Task description — With the string "Lengths" as the filter, copy each matching line from the records.

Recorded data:
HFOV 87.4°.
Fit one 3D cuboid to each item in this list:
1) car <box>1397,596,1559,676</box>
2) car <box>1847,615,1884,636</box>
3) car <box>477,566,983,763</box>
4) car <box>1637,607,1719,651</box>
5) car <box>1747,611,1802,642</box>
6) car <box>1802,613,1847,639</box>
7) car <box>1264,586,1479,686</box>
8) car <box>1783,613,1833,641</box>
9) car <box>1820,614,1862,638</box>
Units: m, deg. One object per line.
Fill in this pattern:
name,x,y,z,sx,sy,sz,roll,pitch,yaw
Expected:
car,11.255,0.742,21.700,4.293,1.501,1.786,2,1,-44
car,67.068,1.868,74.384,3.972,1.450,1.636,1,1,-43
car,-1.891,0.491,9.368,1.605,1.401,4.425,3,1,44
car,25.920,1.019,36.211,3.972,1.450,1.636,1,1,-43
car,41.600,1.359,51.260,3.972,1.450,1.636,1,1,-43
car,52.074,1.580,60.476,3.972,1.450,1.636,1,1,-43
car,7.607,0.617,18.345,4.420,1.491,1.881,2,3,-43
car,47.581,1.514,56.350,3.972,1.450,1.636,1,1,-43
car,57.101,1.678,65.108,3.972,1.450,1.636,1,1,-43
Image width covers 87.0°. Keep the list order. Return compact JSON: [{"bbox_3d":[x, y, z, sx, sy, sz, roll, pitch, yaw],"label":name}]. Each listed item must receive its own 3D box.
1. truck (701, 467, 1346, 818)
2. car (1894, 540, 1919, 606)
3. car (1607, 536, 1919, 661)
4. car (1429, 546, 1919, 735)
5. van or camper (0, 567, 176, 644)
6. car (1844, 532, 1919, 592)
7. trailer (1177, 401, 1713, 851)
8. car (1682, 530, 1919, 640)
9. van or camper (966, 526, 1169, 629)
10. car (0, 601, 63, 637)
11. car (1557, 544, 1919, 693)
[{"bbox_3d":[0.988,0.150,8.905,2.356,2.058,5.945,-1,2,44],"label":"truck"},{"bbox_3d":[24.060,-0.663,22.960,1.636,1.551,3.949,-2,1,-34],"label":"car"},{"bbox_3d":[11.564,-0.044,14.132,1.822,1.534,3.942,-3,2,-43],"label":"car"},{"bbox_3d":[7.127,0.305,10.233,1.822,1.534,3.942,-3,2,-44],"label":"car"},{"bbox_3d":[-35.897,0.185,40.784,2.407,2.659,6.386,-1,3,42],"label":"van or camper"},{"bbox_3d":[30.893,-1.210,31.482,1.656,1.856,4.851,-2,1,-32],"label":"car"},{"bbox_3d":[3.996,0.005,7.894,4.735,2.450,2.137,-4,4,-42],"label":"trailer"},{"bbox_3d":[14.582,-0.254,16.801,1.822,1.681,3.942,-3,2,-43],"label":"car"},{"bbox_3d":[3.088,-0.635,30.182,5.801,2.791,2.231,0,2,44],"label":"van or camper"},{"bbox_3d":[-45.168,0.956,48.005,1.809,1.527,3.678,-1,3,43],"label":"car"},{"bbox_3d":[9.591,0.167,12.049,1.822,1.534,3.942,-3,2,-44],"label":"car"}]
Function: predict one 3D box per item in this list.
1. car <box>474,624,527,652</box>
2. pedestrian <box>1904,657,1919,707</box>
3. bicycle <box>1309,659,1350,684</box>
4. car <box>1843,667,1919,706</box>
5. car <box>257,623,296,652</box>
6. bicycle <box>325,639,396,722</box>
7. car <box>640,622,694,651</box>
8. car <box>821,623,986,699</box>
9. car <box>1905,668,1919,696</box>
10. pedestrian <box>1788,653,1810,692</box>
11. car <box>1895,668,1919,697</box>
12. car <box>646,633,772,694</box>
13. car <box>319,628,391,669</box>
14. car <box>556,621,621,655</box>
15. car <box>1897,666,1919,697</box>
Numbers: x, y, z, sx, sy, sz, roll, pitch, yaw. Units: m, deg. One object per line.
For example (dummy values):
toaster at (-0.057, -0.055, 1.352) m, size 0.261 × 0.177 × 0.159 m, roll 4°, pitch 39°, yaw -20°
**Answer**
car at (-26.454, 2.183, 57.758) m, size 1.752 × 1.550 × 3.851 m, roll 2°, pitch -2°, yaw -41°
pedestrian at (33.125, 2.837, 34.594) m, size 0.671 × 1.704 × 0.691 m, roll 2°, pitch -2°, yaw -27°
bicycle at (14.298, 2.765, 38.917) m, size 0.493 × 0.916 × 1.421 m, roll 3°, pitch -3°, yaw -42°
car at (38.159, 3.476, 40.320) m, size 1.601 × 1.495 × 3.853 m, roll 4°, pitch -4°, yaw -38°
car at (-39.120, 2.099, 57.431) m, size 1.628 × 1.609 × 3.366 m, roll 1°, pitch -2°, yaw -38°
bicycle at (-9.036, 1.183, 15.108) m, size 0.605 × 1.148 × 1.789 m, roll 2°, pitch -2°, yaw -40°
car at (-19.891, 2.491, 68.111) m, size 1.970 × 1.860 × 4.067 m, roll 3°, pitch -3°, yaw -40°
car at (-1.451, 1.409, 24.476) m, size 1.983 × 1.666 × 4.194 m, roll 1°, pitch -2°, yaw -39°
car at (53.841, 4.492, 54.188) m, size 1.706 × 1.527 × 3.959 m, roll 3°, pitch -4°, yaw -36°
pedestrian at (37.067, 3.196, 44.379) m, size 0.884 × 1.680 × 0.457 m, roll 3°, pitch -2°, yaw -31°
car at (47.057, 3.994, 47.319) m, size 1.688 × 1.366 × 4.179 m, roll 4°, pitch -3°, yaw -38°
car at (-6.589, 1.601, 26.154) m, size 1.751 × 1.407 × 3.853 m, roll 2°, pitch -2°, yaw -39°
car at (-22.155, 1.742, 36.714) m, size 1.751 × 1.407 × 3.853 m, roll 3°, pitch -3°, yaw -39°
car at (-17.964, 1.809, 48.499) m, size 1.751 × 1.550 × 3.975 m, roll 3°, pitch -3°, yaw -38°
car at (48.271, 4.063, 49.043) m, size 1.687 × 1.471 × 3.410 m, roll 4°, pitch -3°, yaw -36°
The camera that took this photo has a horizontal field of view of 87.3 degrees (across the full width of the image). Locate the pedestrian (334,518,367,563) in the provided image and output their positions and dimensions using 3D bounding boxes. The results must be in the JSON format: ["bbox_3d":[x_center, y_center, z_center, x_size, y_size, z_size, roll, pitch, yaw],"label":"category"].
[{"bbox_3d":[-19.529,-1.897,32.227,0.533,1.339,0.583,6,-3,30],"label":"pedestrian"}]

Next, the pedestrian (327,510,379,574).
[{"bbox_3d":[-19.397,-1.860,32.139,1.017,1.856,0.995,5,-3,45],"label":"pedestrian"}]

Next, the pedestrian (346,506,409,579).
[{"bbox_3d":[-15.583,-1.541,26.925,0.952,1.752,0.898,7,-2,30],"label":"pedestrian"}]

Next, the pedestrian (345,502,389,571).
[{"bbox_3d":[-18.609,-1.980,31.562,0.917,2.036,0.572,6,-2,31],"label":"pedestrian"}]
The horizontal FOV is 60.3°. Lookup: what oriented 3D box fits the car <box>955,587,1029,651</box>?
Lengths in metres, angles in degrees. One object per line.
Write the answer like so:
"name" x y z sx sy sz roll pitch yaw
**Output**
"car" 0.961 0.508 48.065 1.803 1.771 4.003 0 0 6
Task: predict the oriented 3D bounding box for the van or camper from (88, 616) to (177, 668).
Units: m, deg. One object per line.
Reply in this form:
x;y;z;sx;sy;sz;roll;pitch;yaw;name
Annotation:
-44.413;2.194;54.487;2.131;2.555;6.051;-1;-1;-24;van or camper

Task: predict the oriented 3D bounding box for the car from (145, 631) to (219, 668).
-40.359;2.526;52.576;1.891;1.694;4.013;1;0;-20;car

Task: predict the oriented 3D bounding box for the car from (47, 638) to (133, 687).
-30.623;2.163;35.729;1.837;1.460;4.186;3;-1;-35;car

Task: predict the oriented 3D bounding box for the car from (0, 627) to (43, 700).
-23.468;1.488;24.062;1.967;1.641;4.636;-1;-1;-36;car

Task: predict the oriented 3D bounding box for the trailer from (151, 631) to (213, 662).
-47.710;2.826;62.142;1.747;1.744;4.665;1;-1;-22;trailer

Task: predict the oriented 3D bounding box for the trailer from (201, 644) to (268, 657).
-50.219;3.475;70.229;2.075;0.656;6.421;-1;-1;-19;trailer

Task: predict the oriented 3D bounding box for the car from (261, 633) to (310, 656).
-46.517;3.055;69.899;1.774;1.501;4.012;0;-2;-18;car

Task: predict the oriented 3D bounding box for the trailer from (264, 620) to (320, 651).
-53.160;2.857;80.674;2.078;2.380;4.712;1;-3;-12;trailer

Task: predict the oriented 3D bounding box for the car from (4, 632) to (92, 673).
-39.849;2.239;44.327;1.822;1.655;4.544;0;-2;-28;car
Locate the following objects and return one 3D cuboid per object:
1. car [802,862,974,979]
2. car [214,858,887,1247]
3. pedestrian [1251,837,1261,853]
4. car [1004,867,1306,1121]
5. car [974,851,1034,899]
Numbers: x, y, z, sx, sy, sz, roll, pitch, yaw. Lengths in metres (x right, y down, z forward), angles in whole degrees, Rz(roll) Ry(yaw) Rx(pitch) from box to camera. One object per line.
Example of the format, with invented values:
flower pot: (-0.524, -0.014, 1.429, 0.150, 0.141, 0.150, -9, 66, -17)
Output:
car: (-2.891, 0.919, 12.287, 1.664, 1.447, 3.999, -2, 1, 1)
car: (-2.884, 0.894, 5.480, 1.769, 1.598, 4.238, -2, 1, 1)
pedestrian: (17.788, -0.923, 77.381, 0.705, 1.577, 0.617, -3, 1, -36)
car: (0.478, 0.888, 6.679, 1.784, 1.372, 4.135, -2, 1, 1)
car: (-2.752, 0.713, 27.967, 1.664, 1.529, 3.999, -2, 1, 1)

Written response —
Lengths in metres, angles in degrees. One object per line.
Numbers: x, y, z, sx, sy, sz, roll, pitch, yaw. Lengths in metres (x right, y down, z forward), angles in whole degrees, Rz(roll) Ry(yaw) Rx(pitch) from box to camera. One object per line.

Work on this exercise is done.